Emocje tej osoby były tak silne, że wspomniała ona o swoim niedawnym udarze, który niemal skończył się tragicznie. Jej walka o życie i zdrowie oraz desperacja w poszukiwaniu pomocy ukazują, jak dramatycznie czuje się ignorowana i pozostawiona sama sobie.

Skandaliczne zachowanie radnego

Niestety, zamiast wsparcia i zrozumienia, Jadwiga Cichecka spotkała się z upokorzeniem ze strony radnego Lewicy, Zdzisława Wolskiego, który zademonstrował swoją pogardę wobec cierpiącej częstochowianki. Radny, będący z zawodu lekarzem, śmiał się z jej słów i bagatelizował jej problemy, co wywołało oburzenie wśród obserwatorów sesji.

„Jeżeli to są nasi lekarze, jeżeli tak wygląda inteligencja III RP, to rychły koniec i rozbiory czekają ten kraj” – skomentowała sytuację jedna z osób, która była świadkiem tej bulwersującej sytuacji.

Buta i arogancja: Mowa ciała nie oszukuje

Podczas tej samej sesji uwagę przyciągnęła nie tylko treść wypowiedzi, ale i mowa ciała niektórych uczestników. Prezydent Częstochowy, Krzysztof Matyjaszczyk, wyraźnie znerwicowany, zaciskał dłonie, co można było odebrać jako reakcję na niewygodne pytania. Zdzisław Wolski nie tylko obraźliwie gestykulował, ale również demonstrował brak szacunku wobec obywatelki. W tym samym czasie wiceprezydenci Kot oraz Marszałek zajmowali się swoimi telefonami, całkowicie ignorując przebieg sesji. Te gesty świadczą o butności, pysze i arogancji, której mieszkańcy Częstochowy doświadczają ze strony swoich przedstawicieli.

“Szpitale to jedna wielka klika”

Jadwiga Cichecka ostro krytykowała stan służby zdrowia w Częstochowie, podkreślając, że sytuacja jest wręcz katastrofalna. W jej ocenie, szpitale w mieście tworzą „jedną wielką klikę”, a pacjenci są często zdani na łaskę lekarzy, którzy nie zawsze wykazują się empatią ani profesjonalizmem. Cichecka zaznaczyła również, że w Częstochowie brakuje dobrego szpitala, a jakość opieki zdrowotnej zależy w dużej mierze od tego, na jakiego lekarza trafi się w danym momencie. Przytoczyła przy tym swój dramatyczny przypadek z udarem – została odesłana do domu bez odpowiedniej pomocy.

Nietykalni lekarze?

W państwie prawa lekarz, który zbagatelizowałby tak poważny stan pacjenta, jak udar, powinien ponieść poważne konsekwencje. Niestety, w Polsce pewne grupy zawodowe, w tym lekarze, często wydają się nietykalne, podlegając specjalnym względom. Brak odpowiedzialności i brak reakcji ze strony instytucji, które powinny stać na straży zdrowia obywateli, sprawia, że pacjenci czują się bezradni i opuszczeni.

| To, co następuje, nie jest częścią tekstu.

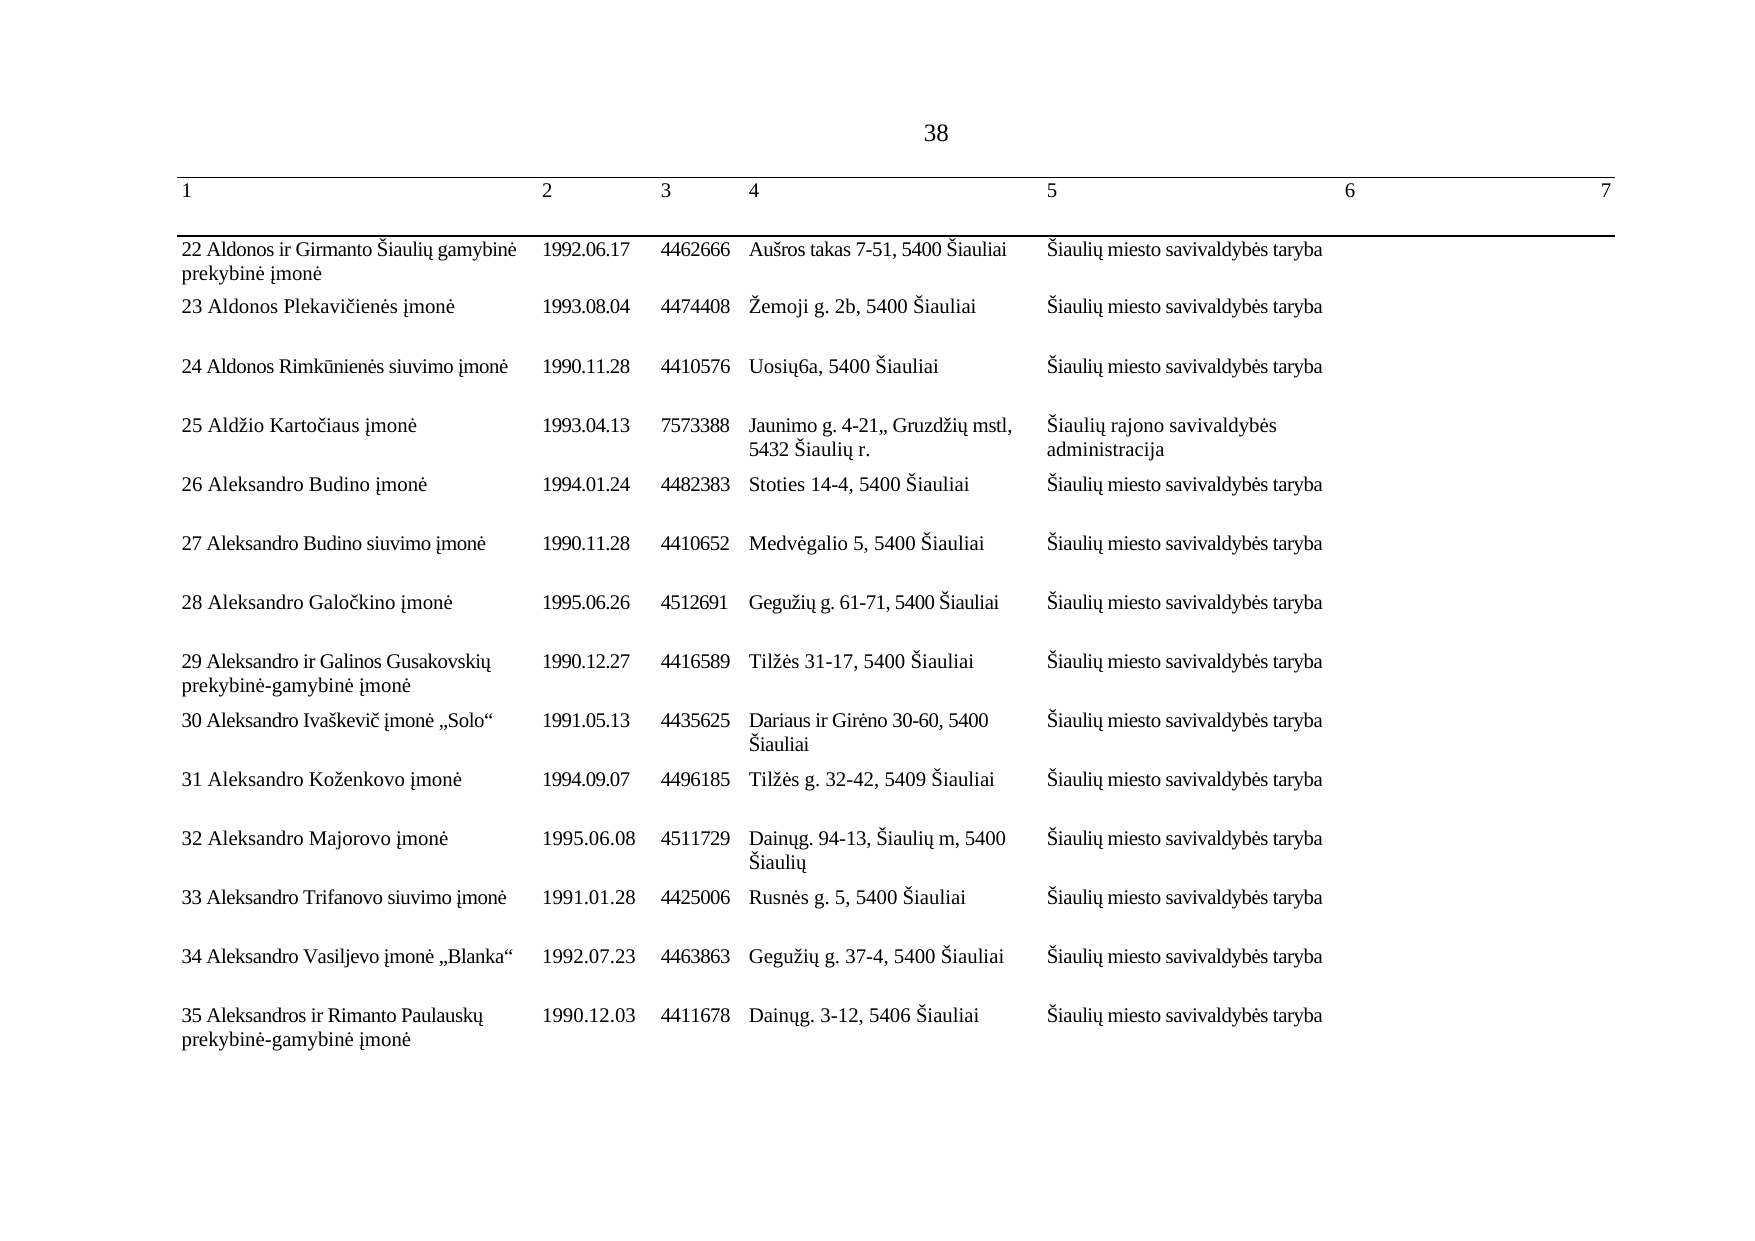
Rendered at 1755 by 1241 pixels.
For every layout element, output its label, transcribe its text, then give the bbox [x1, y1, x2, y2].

table_cell 1990.11.28 [538, 354, 656, 413]
table_cell Šiaulių miesto savivaldybės taryba [1043, 590, 1340, 649]
table_cell 1994.09.07 [538, 767, 656, 826]
table_cell 1993.04.13 [538, 413, 656, 472]
table_cell [1340, 826, 1615, 885]
table_cell [1340, 1003, 1615, 1062]
table_cell 23 Aldonos Plekavičienės įmonė [177, 295, 538, 353]
table_cell [1340, 531, 1615, 590]
table_cell Gegužių g. 37-4, 5400 Šiauliai [744, 944, 1042, 1003]
table_cell 4512691 [656, 590, 744, 649]
table_cell [1340, 708, 1615, 767]
table_cell 4462666 [656, 237, 744, 294]
table_cell Šiaulių rajono savivaldybės administracija [1043, 413, 1340, 472]
table_cell Dariaus ir Girėno 30-60, 5400 Šiauliai [744, 708, 1042, 767]
table_cell Tilžės 31-17, 5400 Šiauliai [744, 649, 1042, 708]
table_cell 4435625 [656, 708, 744, 767]
table_cell [1340, 354, 1615, 413]
table_cell 1995.06.08 [538, 826, 656, 885]
table_cell 24 Aldonos Rimkūnienės siuvimo įmonė [177, 354, 538, 413]
table_cell 31 Aleksandro Koženkovo įmonė [177, 767, 538, 826]
table_cell 1990.11.28 [538, 531, 656, 590]
table_cell Šiaulių miesto savivaldybės taryba [1043, 295, 1340, 353]
table_cell 4416589 [656, 649, 744, 708]
table_cell 4463863 [656, 944, 744, 1003]
table_header 3 [656, 178, 744, 235]
table_cell [1340, 295, 1615, 353]
table_cell 28 Aleksandro Galočkino įmonė [177, 590, 538, 649]
table_cell 1990.12.03 [538, 1003, 656, 1062]
table_cell 7573388 [656, 413, 744, 472]
table_cell Šiaulių miesto savivaldybės taryba [1043, 767, 1340, 826]
table_header 5 [1043, 178, 1340, 235]
table_cell 1994.01.24 [538, 472, 656, 531]
table_cell Šiaulių miesto savivaldybės taryba [1043, 1003, 1340, 1062]
table_cell 22 Aldonos ir Girmanto Šiaulių gamybinė prekybinė įmonė [177, 237, 538, 294]
table_cell [1340, 944, 1615, 1003]
table_header 4 [744, 178, 1042, 235]
table_cell Šiaulių miesto savivaldybės taryba [1043, 649, 1340, 708]
table_cell Medvėgalio 5, 5400 Šiauliai [744, 531, 1042, 590]
table_cell 4411678 [656, 1003, 744, 1062]
table_cell 4511729 [656, 826, 744, 885]
table_cell Šiaulių miesto savivaldybės taryba [1043, 531, 1340, 590]
table_cell 32 Aleksandro Majorovo įmonė [177, 826, 538, 885]
table_cell Šiaulių miesto savivaldybės taryba [1043, 237, 1340, 294]
table_cell 1992.06.17 [538, 237, 656, 294]
table_cell [1340, 237, 1615, 294]
table_cell 25 Aldžio Kartočiaus įmonė [177, 413, 538, 472]
table_cell Dainųg. 3-12, 5406 Šiauliai [744, 1003, 1042, 1062]
table_cell Gegužių g. 61-71, 5400 Šiauliai [744, 590, 1042, 649]
table_cell 26 Aleksandro Budino įmonė [177, 472, 538, 531]
table_cell [1340, 472, 1615, 531]
table_header 2 [538, 178, 656, 235]
table_cell 35 Aleksandros ir Rimanto Paulauskų prekybinė-gamybinė įmonė [177, 1003, 538, 1062]
table_cell [1340, 413, 1615, 472]
table_cell 34 Aleksandro Vasiljevo įmonė „Blanka“ [177, 944, 538, 1003]
table_cell Žemoji g. 2b, 5400 Šiauliai [744, 295, 1042, 353]
table_cell Šiaulių miesto savivaldybės taryba [1043, 354, 1340, 413]
table_cell 1991.01.28 [538, 885, 656, 944]
table_cell 4496185 [656, 767, 744, 826]
table_cell Uosių6a, 5400 Šiauliai [744, 354, 1042, 413]
table_cell 1993.08.04 [538, 295, 656, 353]
table_cell Tilžės g. 32-42, 5409 Šiauliai [744, 767, 1042, 826]
table_cell 33 Aleksandro Trifanovo siuvimo įmonė [177, 885, 538, 944]
table_cell [1340, 590, 1615, 649]
table_cell Jaunimo g. 4-21„ Gruzdžių mstl, 5432 Šiaulių r. [744, 413, 1042, 472]
table_cell 27 Aleksandro Budino siuvimo įmonė [177, 531, 538, 590]
table_cell 1991.05.13 [538, 708, 656, 767]
table_cell 1992.07.23 [538, 944, 656, 1003]
table_cell 30 Aleksandro Ivaškevič įmonė „Solo“ [177, 708, 538, 767]
table_cell [1340, 767, 1615, 826]
table_cell Šiaulių miesto savivaldybės taryba [1043, 472, 1340, 531]
table_cell Šiaulių miesto savivaldybės taryba [1043, 708, 1340, 767]
table_cell Šiaulių miesto savivaldybės taryba [1043, 826, 1340, 885]
table_cell 4482383 [656, 472, 744, 531]
table_cell 1990.12.27 [538, 649, 656, 708]
table_cell Dainųg. 94-13, Šiaulių m, 5400 Šiaulių [744, 826, 1042, 885]
table_cell 4410652 [656, 531, 744, 590]
table_cell Rusnės g. 5, 5400 Šiauliai [744, 885, 1042, 944]
table_cell 1995.06.26 [538, 590, 656, 649]
table_cell 29 Aleksandro ir Galinos Gusakovskių prekybinė-gamybinė įmonė [177, 649, 538, 708]
table_cell [1340, 885, 1615, 944]
table_cell 4474408 [656, 295, 744, 353]
table_cell 4425006 [656, 885, 744, 944]
table_cell [1340, 649, 1615, 708]
table_header 6 7 [1340, 178, 1615, 235]
table_cell Šiaulių miesto savivaldybės taryba [1043, 885, 1340, 944]
table_cell Aušros takas 7-51, 5400 Šiauliai [744, 237, 1042, 294]
table_cell Šiaulių miesto savivaldybės taryba [1043, 944, 1340, 1003]
table_cell 4410576 [656, 354, 744, 413]
table_header 1 [177, 178, 538, 235]
table_cell Stoties 14-4, 5400 Šiauliai [744, 472, 1042, 531]

,,Ani myślę z Panią rozmawiać (…). Skończyliśmy!”

Na zakończenie sesji, radny Zdzisław Wolski dał idealne podsumowanie tego, jak niektórzy lekarze w Częstochowie traktują pacjentów. Gdy Jadwiga Cichecka próbowała dalej poruszać swój problem, usłyszała jedynie: „Ani myślę z Panią rozmawiać (…). Skończyliśmy!”. Taka postawa nie tylko rani, ale też doskonale oddaje smutną rzeczywistość, z jaką zmagają się mieszkańcy tego miasta.

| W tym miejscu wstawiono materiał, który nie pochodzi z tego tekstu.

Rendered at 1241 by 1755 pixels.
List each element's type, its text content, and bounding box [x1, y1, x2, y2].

To Wy, obywatele, przyznaliście tym radnym pensje na następne pięć lat. To dzięki Wam mogą teraz wozić się mercedesami i lamborghini, zmieniać żony i kochanki, a także zajmować stanowiska w MPK za 15 tysięcy złotych miesięcznie. Mimo tego nie okazują nawet grama wdzięczności.

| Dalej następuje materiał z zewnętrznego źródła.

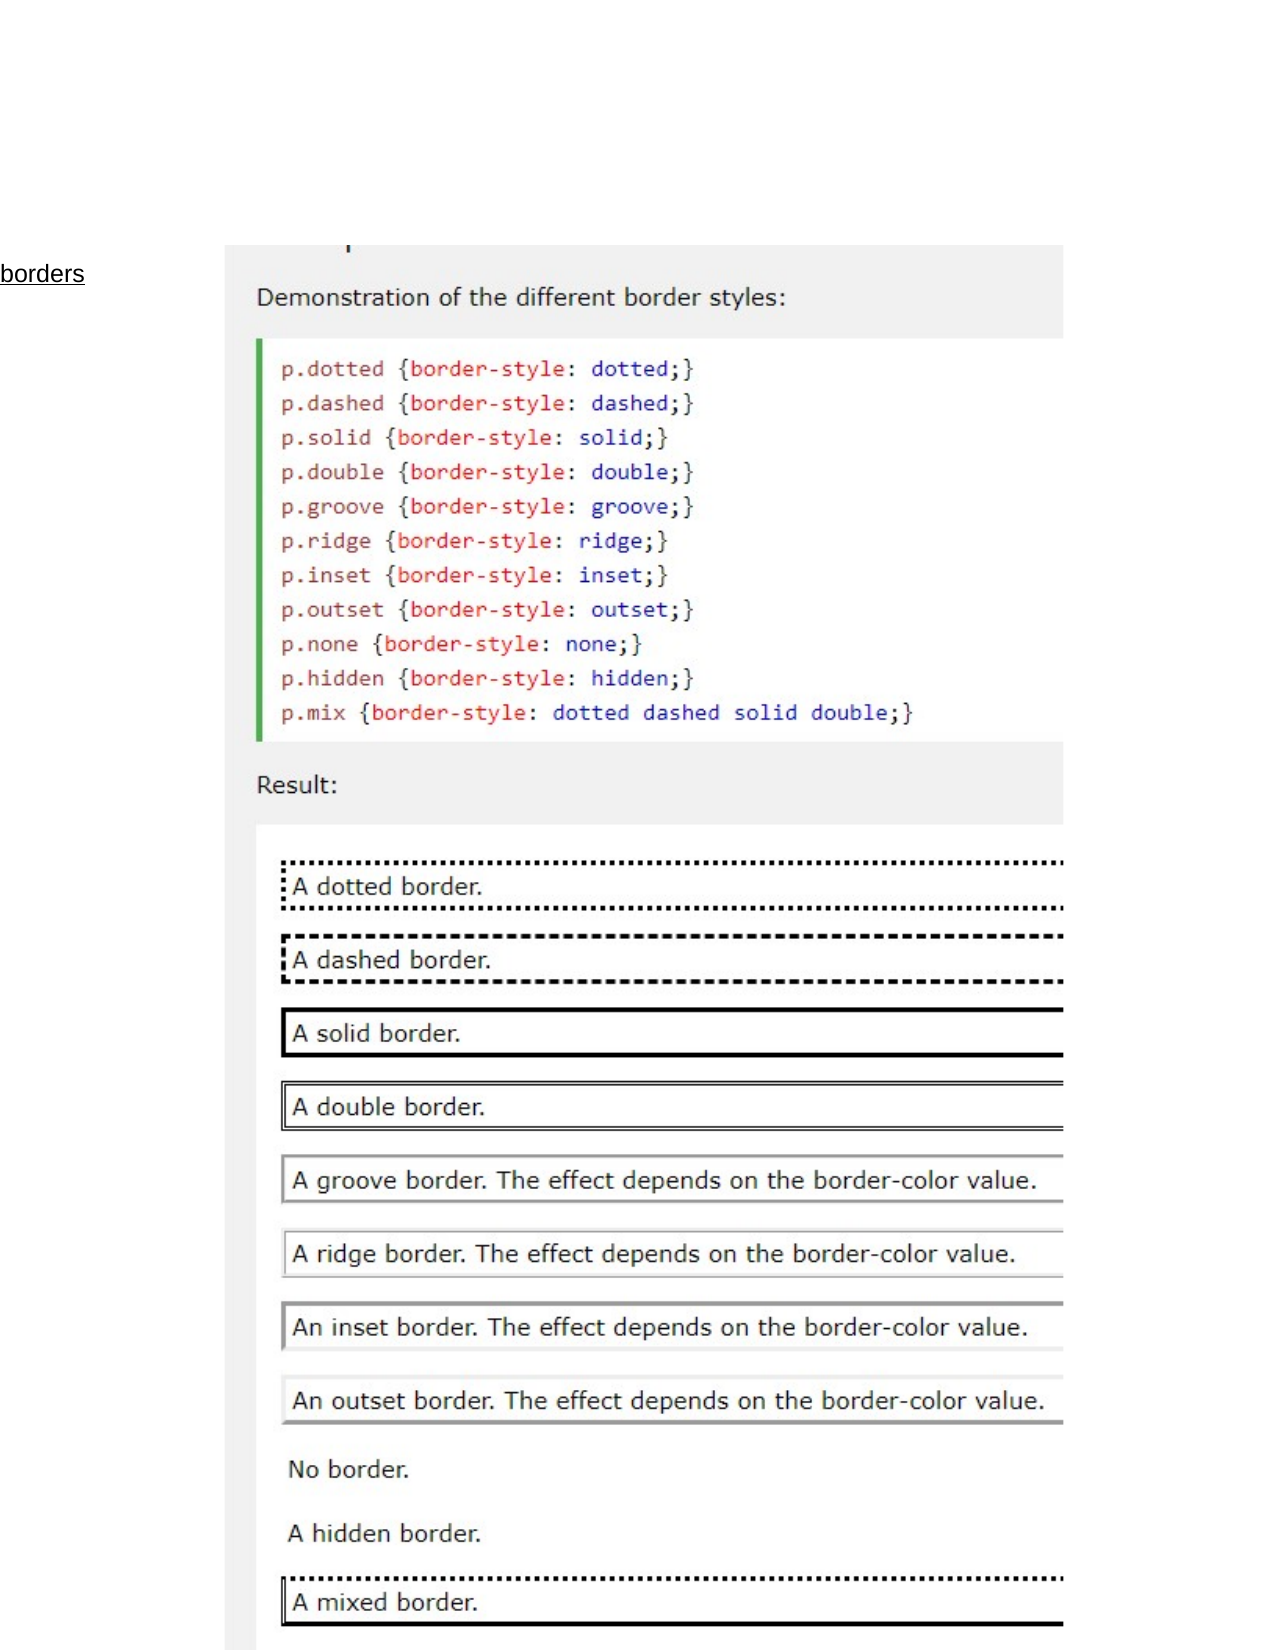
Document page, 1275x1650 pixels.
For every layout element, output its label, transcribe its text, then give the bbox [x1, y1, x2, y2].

text borders [0, 259, 211, 287]
text [1064, 259, 1275, 287]
picture [211, 245, 1064, 1650]

Czy taki obraz władz lokalnych i służby zdrowia naprawdę odzwierciedla to, na co zasługują obywatele? Każdy człowiek ma prawo do godnego traktowania i wsparcia w trudnych chwilach. Miejmy nadzieję, że ta sytuacja skłoni do refleksji i doprowadzi do potrzebnych zmian.

By PK

43 komentarzy do “,,Ani myślę z Panią rozmawiać”!”
  1. Może to mało pocieszające, ale trzeba wiedzieć że w Polsce póki co żaden pacjent nie wygrał z lekarzem
    Mnie 2 razy chcieli uśmiercić na Patkitce
    Sprawy umarzano a przewodniczący izby lekarskiej nisko się kłaniał ordynatorowi .
    Jedyne moje pocieszenie, że nie oddałam głosów moich na obecnych „rządzących”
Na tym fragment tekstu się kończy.